Yes, this is an excellent point I forgot. With closed-source, you only get to make perf improvements if your manager decides there's not a more important feature you should be working on instead.


Just a small thing, the Roslyn compiler (or any C# compiler) does very few optimisations, see https://blogs.msdn.microsoft.com/ericlippert/2009/06/11/what... for some details.

Almost all of the 'compiler' optimisations are done by the JIT at run-time when it converts the IL code into machine/assembly code


For example, .NET doesn't do escape analysis, though I've read this is less of an issue for .NET than Java because .NET has struct value types instead of everything being a heap-allocated object.

https://news.ycombinator.com/item?id=16225696


It is, but I wonder what they're measuring on Y-axis. I just says `(actual values omitted)`.


Seems like it's also offset (e.g.

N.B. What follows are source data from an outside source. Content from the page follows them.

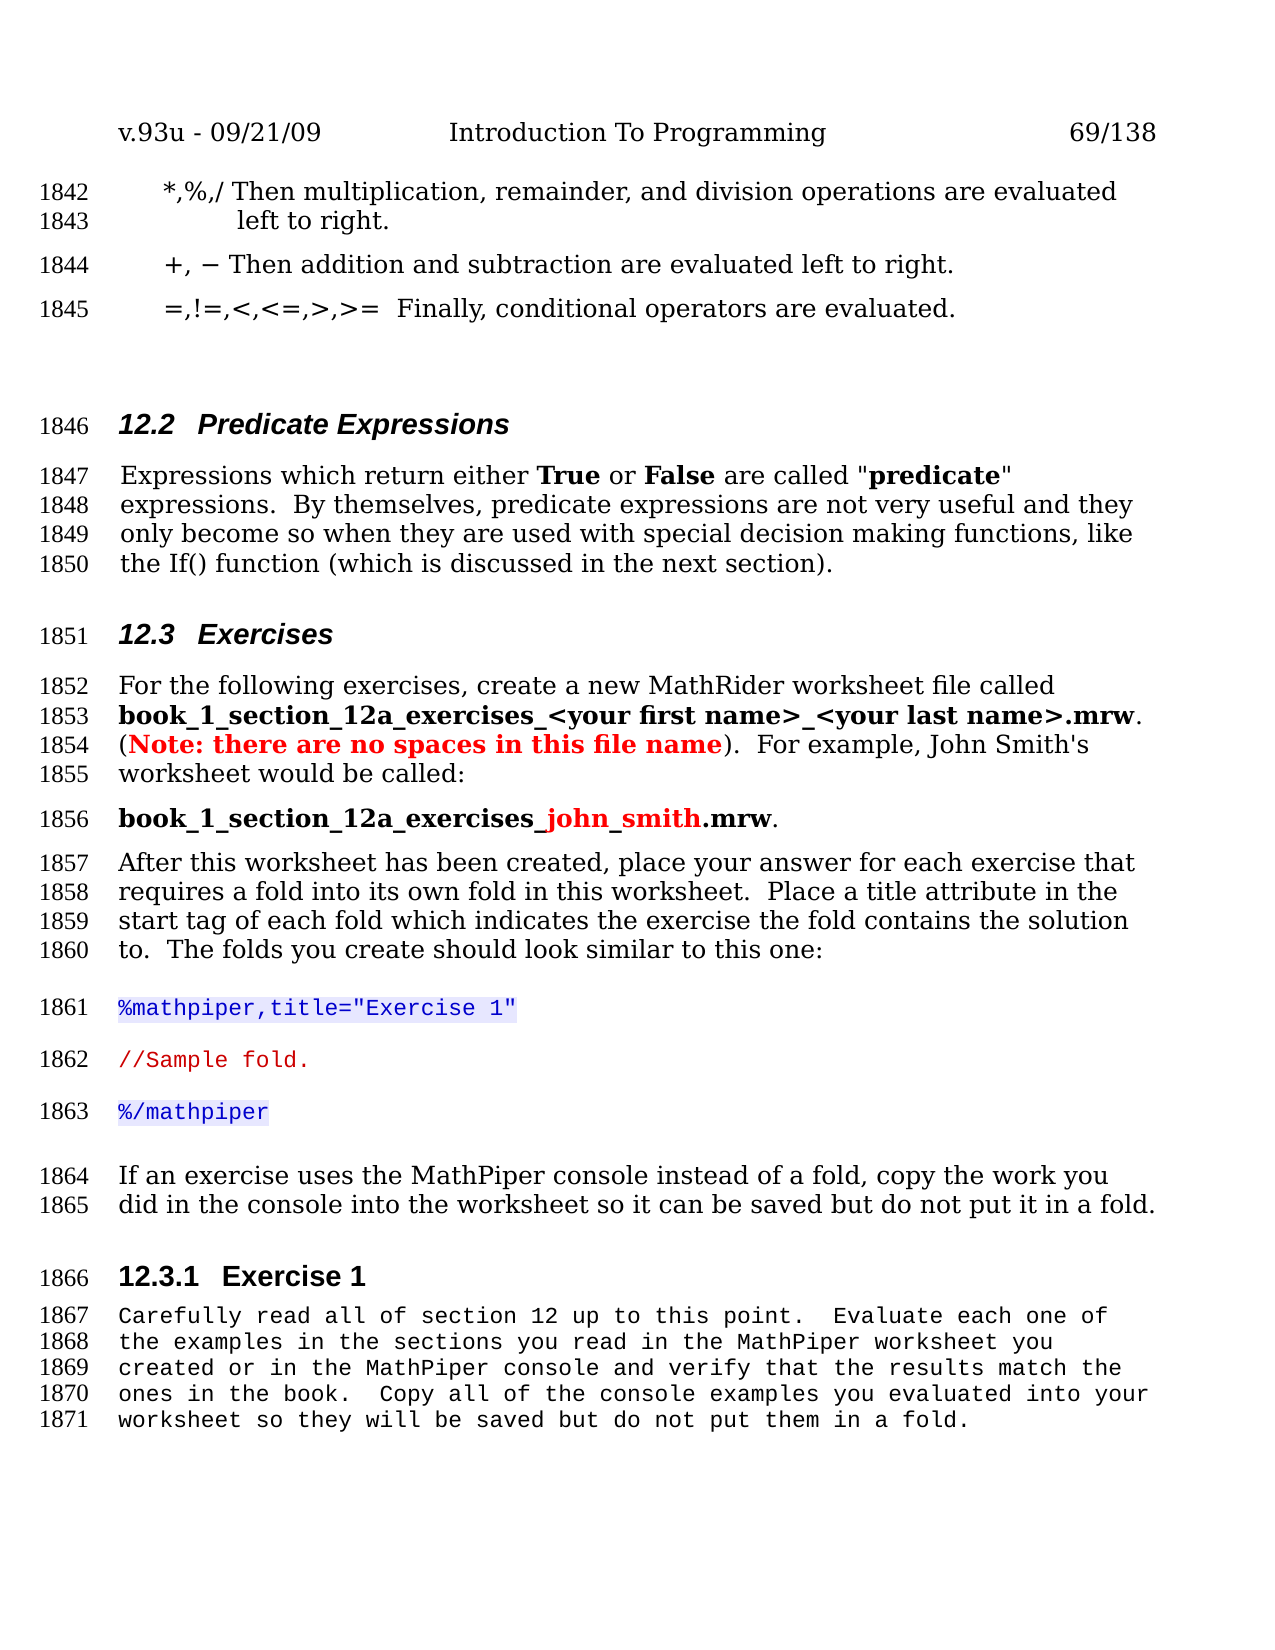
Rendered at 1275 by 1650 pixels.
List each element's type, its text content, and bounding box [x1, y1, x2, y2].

text For the following exercises, create a new MathRider worksheet file called book_1_section_12a_exercises_<your first name>_<your last name>.mrw. (Note: there are no spaces in this file name). For example, John Smith's worksheet would be called: [118, 672, 1157, 789]
subtitle Exercise 1 [118, 1259, 1157, 1292]
subtitle Exercises [118, 617, 1157, 651]
text Expressions which return either True or False are called "predicate" expressions. By themselves, predicate expressions are not very useful and they only become so when they are used with special decision making functions, like the If() function (which is discussed in the next section). [120, 461, 1157, 578]
text book_1_section_12a_exercises_john_smith.mrw. [118, 804, 1157, 833]
subtitle Predicate Expressions [118, 407, 1157, 440]
text =,!=,<,<=,>,>= Finally, conditional operators are evaluated. [163, 294, 1157, 323]
text %mathpiper,title="Exercise 1" [118, 997, 1157, 1023]
text //Sample fold. [118, 1048, 1157, 1074]
text +, − Then addition and subtraction are evaluated left to right. [163, 250, 1157, 279]
text If an exercise uses the MathPiper console instead of a fold, copy the work you did in the console into the worksheet so it can be saved but do not put it in a fold. [118, 1161, 1157, 1219]
text After this worksheet has been created, place your answer for each exercise that requires a fold into its own fold in this worksheet. Place a title attribute in the start tag of each fold which indicates the exercise the fold contains the solution to. The folds you create should look similar to this one: [118, 848, 1157, 965]
text Carefully read all of section 12 up to this point. Evaluate each one of the examples in the sections you read in the MathPiper worksheet you created or in the MathPiper console and verify that the results match the ones in the book. Copy all of the console examples you evaluated into your worksheet so they will be saved but do not put them in a fold. [118, 1304, 1157, 1434]
text %/mathpiper [118, 1100, 1157, 1126]
text *,%,/ Then multiplication, remainder, and division operations are evaluated left to right. [163, 177, 1157, 235]

Y starts above zero).

>... the final precipitous drop (on June 2) is the deployment of .NET Core 2.1! That is a 34% improvement ...

If so, that graph seems to be deliberately misleading.


It says "The Y axis is the latency (actual values omitted)". I, too, wish they had shared the actual values, though.


Its latency


In what? Bananas per second? No value on the axis means we don't know what _exactly_ is being measured, or have an idea about the overall state. They say 37% improvement but that's largely meaningless. 37% improvement of what?

If latency is 1 minute and they've shaved 22 seconds off (37%), neat. But it's still bad.

If anything, the deliberate omission of scale on that Y axis is really disturbing.


It's in milliseconds. I'm going to update the post and add that note, but omitting values was a business decision, sorry.